- Problem -
Make an exact copy of the entries that come next.

********

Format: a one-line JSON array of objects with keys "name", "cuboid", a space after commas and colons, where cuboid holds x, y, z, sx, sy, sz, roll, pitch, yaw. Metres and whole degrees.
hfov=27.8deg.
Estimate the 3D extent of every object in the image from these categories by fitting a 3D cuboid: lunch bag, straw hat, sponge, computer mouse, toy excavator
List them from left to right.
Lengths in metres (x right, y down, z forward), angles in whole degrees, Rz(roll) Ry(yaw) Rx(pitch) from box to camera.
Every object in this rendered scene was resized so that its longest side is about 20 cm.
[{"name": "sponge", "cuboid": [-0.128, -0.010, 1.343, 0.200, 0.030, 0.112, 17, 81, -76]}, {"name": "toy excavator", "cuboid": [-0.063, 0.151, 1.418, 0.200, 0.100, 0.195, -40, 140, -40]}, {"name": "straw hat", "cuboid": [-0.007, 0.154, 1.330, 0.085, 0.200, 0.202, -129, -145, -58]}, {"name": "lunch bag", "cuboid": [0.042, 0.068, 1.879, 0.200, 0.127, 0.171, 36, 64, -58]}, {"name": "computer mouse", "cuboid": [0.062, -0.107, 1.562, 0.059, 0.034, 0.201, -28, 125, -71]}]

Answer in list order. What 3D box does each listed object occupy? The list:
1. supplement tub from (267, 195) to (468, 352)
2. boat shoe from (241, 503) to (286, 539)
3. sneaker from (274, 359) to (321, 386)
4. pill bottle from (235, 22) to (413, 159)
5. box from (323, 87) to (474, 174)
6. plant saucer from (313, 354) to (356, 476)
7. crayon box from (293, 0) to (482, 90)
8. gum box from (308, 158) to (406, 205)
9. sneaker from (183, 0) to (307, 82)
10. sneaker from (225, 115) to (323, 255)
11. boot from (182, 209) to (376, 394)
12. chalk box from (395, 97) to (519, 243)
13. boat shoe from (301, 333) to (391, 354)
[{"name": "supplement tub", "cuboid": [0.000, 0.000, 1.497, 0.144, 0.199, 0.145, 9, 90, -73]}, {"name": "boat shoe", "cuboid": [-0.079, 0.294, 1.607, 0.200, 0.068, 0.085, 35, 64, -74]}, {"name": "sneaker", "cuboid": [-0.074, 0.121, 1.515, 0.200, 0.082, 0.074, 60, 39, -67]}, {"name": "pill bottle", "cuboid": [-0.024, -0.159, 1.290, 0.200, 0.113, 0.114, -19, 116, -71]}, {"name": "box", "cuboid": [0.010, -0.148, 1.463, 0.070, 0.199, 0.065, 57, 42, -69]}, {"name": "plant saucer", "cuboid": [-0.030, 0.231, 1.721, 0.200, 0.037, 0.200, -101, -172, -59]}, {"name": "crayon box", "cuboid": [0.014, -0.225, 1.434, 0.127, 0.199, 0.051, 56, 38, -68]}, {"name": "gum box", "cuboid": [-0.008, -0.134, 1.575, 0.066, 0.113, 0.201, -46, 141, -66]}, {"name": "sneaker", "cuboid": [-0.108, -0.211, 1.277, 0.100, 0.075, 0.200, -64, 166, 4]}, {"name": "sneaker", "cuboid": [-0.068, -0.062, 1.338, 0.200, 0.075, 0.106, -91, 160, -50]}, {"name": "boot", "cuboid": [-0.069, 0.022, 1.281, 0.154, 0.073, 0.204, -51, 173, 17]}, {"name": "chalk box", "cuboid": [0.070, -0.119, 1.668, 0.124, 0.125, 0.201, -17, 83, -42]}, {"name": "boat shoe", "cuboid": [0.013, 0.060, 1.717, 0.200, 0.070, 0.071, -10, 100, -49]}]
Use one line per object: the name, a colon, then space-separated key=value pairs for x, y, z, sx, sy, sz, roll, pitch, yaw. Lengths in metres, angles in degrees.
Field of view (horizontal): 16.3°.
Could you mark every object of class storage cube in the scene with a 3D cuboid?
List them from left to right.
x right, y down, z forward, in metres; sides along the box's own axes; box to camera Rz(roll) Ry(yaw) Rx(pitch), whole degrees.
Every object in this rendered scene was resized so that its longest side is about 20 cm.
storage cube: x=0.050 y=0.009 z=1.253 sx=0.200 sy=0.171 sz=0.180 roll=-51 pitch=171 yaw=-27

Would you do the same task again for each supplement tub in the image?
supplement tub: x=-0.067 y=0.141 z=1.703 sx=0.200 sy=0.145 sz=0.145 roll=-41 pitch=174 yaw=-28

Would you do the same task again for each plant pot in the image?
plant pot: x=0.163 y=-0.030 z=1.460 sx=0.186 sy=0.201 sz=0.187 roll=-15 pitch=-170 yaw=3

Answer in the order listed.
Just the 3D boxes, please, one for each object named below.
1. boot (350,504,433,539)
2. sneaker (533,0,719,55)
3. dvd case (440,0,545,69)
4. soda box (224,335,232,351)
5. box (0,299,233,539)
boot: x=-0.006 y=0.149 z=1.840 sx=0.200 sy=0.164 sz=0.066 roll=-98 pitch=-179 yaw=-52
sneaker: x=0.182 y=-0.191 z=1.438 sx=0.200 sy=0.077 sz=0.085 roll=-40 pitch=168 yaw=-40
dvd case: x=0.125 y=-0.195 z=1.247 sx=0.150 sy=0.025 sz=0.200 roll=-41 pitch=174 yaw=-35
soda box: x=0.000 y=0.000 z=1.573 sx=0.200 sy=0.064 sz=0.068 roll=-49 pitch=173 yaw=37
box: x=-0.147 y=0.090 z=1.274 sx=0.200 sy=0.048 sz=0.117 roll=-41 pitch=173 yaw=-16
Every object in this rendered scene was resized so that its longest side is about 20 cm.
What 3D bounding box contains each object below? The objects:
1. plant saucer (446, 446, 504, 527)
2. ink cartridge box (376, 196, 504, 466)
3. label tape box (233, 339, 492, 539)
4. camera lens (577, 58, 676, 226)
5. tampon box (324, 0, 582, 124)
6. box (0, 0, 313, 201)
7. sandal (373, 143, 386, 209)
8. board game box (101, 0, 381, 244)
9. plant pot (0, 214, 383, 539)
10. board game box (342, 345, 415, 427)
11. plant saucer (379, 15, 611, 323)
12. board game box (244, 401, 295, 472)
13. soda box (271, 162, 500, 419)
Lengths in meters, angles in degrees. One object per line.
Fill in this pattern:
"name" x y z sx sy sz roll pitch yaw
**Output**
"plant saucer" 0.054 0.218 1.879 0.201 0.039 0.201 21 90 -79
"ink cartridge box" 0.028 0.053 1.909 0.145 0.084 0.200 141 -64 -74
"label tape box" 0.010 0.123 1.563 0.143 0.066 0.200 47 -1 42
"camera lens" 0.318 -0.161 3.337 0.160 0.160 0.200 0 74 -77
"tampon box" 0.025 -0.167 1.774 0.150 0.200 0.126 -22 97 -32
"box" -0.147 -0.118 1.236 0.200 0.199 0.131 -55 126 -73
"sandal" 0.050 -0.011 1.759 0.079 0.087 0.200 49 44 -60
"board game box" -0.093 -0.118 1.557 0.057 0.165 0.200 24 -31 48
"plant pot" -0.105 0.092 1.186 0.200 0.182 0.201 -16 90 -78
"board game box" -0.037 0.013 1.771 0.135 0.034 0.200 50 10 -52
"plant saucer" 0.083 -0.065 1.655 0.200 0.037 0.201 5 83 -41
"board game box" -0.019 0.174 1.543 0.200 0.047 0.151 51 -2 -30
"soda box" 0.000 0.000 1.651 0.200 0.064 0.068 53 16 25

********

- Answer box -
Format: a one-line JSON array of objects with keys "name", "cuboid", a space after commas and colons, where cuboid holds x, y, z, sx, sy, sz, roll, pitch, yaw. Metres and whole degrees.
hfov=27.8deg.
Estimate the 3D extent of every object in the image from these categories by fitting a 3D cuboid: lunch bag, straw hat, sponge, computer mouse, toy excavator
List them from left to right.
Lengths in metres (x right, y down, z forward), angles in whole degrees, Rz(roll) Ry(yaw) Rx(pitch) from box to camera.
Every object in this rendered scene was resized so that its longest side is about 20 cm.
[{"name": "sponge", "cuboid": [-0.128, -0.010, 1.343, 0.200, 0.030, 0.112, 17, 81, -76]}, {"name": "toy excavator", "cuboid": [-0.063, 0.151, 1.418, 0.200, 0.100, 0.195, -40, 140, -40]}, {"name": "straw hat", "cuboid": [-0.007, 0.154, 1.330, 0.085, 0.200, 0.202, -129, -145, -58]}, {"name": "lunch bag", "cuboid": [0.042, 0.068, 1.879, 0.200, 0.127, 0.171, 36, 64, -58]}, {"name": "computer mouse", "cuboid": [0.062, -0.107, 1.562, 0.059, 0.034, 0.201, -28, 125, -71]}]

Answer in list order. What 3D box does each listed object occupy? The list:
1. supplement tub from (267, 195) to (468, 352)
2. boat shoe from (241, 503) to (286, 539)
3. sneaker from (274, 359) to (321, 386)
4. pill bottle from (235, 22) to (413, 159)
5. box from (323, 87) to (474, 174)
6. plant saucer from (313, 354) to (356, 476)
7. crayon box from (293, 0) to (482, 90)
8. gum box from (308, 158) to (406, 205)
9. sneaker from (183, 0) to (307, 82)
10. sneaker from (225, 115) to (323, 255)
11. boot from (182, 209) to (376, 394)
12. chalk box from (395, 97) to (519, 243)
13. boat shoe from (301, 333) to (391, 354)
[{"name": "supplement tub", "cuboid": [0.000, 0.000, 1.497, 0.144, 0.199, 0.145, 9, 90, -73]}, {"name": "boat shoe", "cuboid": [-0.079, 0.294, 1.607, 0.200, 0.068, 0.085, 35, 64, -74]}, {"name": "sneaker", "cuboid": [-0.074, 0.121, 1.515, 0.200, 0.082, 0.074, 60, 39, -67]}, {"name": "pill bottle", "cuboid": [-0.024, -0.159, 1.290, 0.200, 0.113, 0.114, -19, 116, -71]}, {"name": "box", "cuboid": [0.010, -0.148, 1.463, 0.070, 0.199, 0.065, 57, 42, -69]}, {"name": "plant saucer", "cuboid": [-0.030, 0.231, 1.721, 0.200, 0.037, 0.200, -101, -172, -59]}, {"name": "crayon box", "cuboid": [0.014, -0.225, 1.434, 0.127, 0.199, 0.051, 56, 38, -68]}, {"name": "gum box", "cuboid": [-0.008, -0.134, 1.575, 0.066, 0.113, 0.201, -46, 141, -66]}, {"name": "sneaker", "cuboid": [-0.108, -0.211, 1.277, 0.100, 0.075, 0.200, -64, 166, 4]}, {"name": "sneaker", "cuboid": [-0.068, -0.062, 1.338, 0.200, 0.075, 0.106, -91, 160, -50]}, {"name": "boot", "cuboid": [-0.069, 0.022, 1.281, 0.154, 0.073, 0.204, -51, 173, 17]}, {"name": "chalk box", "cuboid": [0.070, -0.119, 1.668, 0.124, 0.125, 0.201, -17, 83, -42]}, {"name": "boat shoe", "cuboid": [0.013, 0.060, 1.717, 0.200, 0.070, 0.071, -10, 100, -49]}]
Use one line per object: the name, a colon, then space-separated key=value pairs for x, y, z, sx, sy, sz, roll, pitch, yaw. Lengths in metres, angles in degrees.
Field of view (horizontal): 16.3°.
Could you mark every object of class storage cube in the scene with a 3D cuboid?
List them from left to right.
x right, y down, z forward, in metres; sides along the box's own axes; box to camera Rz(roll) Ry(yaw) Rx(pitch), whole degrees.
Every object in this rendered scene was resized so that its longest side is about 20 cm.
storage cube: x=0.050 y=0.009 z=1.253 sx=0.200 sy=0.171 sz=0.180 roll=-51 pitch=171 yaw=-27

Would you do the same task again for each supplement tub in the image?
supplement tub: x=-0.067 y=0.141 z=1.703 sx=0.200 sy=0.145 sz=0.145 roll=-41 pitch=174 yaw=-28

Would you do the same task again for each plant pot in the image?
plant pot: x=0.163 y=-0.030 z=1.460 sx=0.186 sy=0.201 sz=0.187 roll=-15 pitch=-170 yaw=3

Answer in the order listed.
Just the 3D boxes, please, one for each object named below.
1. boot (350,504,433,539)
2. sneaker (533,0,719,55)
3. dvd case (440,0,545,69)
4. soda box (224,335,232,351)
5. box (0,299,233,539)
boot: x=-0.006 y=0.149 z=1.840 sx=0.200 sy=0.164 sz=0.066 roll=-98 pitch=-179 yaw=-52
sneaker: x=0.182 y=-0.191 z=1.438 sx=0.200 sy=0.077 sz=0.085 roll=-40 pitch=168 yaw=-40
dvd case: x=0.125 y=-0.195 z=1.247 sx=0.150 sy=0.025 sz=0.200 roll=-41 pitch=174 yaw=-35
soda box: x=0.000 y=0.000 z=1.573 sx=0.200 sy=0.064 sz=0.068 roll=-49 pitch=173 yaw=37
box: x=-0.147 y=0.090 z=1.274 sx=0.200 sy=0.048 sz=0.117 roll=-41 pitch=173 yaw=-16
Every object in this rendered scene was resized so that its longest side is about 20 cm.
What 3D bounding box contains each object below? The objects:
1. plant saucer (446, 446, 504, 527)
2. ink cartridge box (376, 196, 504, 466)
3. label tape box (233, 339, 492, 539)
4. camera lens (577, 58, 676, 226)
5. tampon box (324, 0, 582, 124)
6. box (0, 0, 313, 201)
7. sandal (373, 143, 386, 209)
8. board game box (101, 0, 381, 244)
9. plant pot (0, 214, 383, 539)
10. board game box (342, 345, 415, 427)
11. plant saucer (379, 15, 611, 323)
12. board game box (244, 401, 295, 472)
13. soda box (271, 162, 500, 419)
Lengths in meters, angles in degrees. One object per line.
Fill in this pattern:
"name" x y z sx sy sz roll pitch yaw
**Output**
"plant saucer" 0.054 0.218 1.879 0.201 0.039 0.201 21 90 -79
"ink cartridge box" 0.028 0.053 1.909 0.145 0.084 0.200 141 -64 -74
"label tape box" 0.010 0.123 1.563 0.143 0.066 0.200 47 -1 42
"camera lens" 0.318 -0.161 3.337 0.160 0.160 0.200 0 74 -77
"tampon box" 0.025 -0.167 1.774 0.150 0.200 0.126 -22 97 -32
"box" -0.147 -0.118 1.236 0.200 0.199 0.131 -55 126 -73
"sandal" 0.050 -0.011 1.759 0.079 0.087 0.200 49 44 -60
"board game box" -0.093 -0.118 1.557 0.057 0.165 0.200 24 -31 48
"plant pot" -0.105 0.092 1.186 0.200 0.182 0.201 -16 90 -78
"board game box" -0.037 0.013 1.771 0.135 0.034 0.200 50 10 -52
"plant saucer" 0.083 -0.065 1.655 0.200 0.037 0.201 5 83 -41
"board game box" -0.019 0.174 1.543 0.200 0.047 0.151 51 -2 -30
"soda box" 0.000 0.000 1.651 0.200 0.064 0.068 53 16 25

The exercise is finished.